At that time, Ireland was governed by Great Britain, the world's wealthiest empire, which had the resources to significantly lessen the effects of the crop failure. Instead, the British government, during all the years of the Great Hunger did everything in it's power to export tons of food and livestock out of Ireland. Their taxes and economic policies caused gross shortages of inexpensive food and resulted in the eviction of the already destitute Irish from their rented homes and land.

More than 160 years later, the effects of the Great Hunger are still evident. Millions of the survivors' descendants populate the globe, including over 40 million Americans who claim Irish ancestry.

We, the descendants of all those famine Irish immigrants who rest in this cemetery and in the main part of St. Mary's Cemetery proudly dedicate this memorial in their memory on October 1, 2007. Let us never forget An Gorta Mor."


The above words are inscribed in a 2007 memorial in St. Mary's Cemetery in my town of Milford, Massachusetts. (St.

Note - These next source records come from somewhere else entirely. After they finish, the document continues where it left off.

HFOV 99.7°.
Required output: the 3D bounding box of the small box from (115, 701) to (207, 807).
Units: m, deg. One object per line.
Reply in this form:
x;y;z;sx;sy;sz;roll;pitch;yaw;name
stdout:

Mary's Cemetery also has the distinction of being the site of the only example of an Irish Round Tower in North America.)  More importantly, however, is the fact that many of the original survivors of the Irish Famine (the Great Hunger or An Gorta Mor) who eventually settled in Milford rest in St. Mary's Cemetery.

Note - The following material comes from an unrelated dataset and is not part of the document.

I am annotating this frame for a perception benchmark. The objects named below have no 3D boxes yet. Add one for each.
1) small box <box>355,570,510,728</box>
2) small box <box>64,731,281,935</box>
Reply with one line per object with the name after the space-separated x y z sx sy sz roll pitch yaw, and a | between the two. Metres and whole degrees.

The monument was the culmination of almost ten years of hard work by caring Milford residents who recognized the importance of remembering the sacrifice and suffering of the famine victims. Over 1,000 monuments were restored, hundreds more were cleaned, roadways were re-constructed...the list goes on. As the Friends of Old St. Mary's Cemetery eloquently state on the reverse side of the monument, “It is our hope that every Irish immigrant soul that lies in this sacred ground knows how proud we are of them and of the incredible legacy they have passed on to each of us”.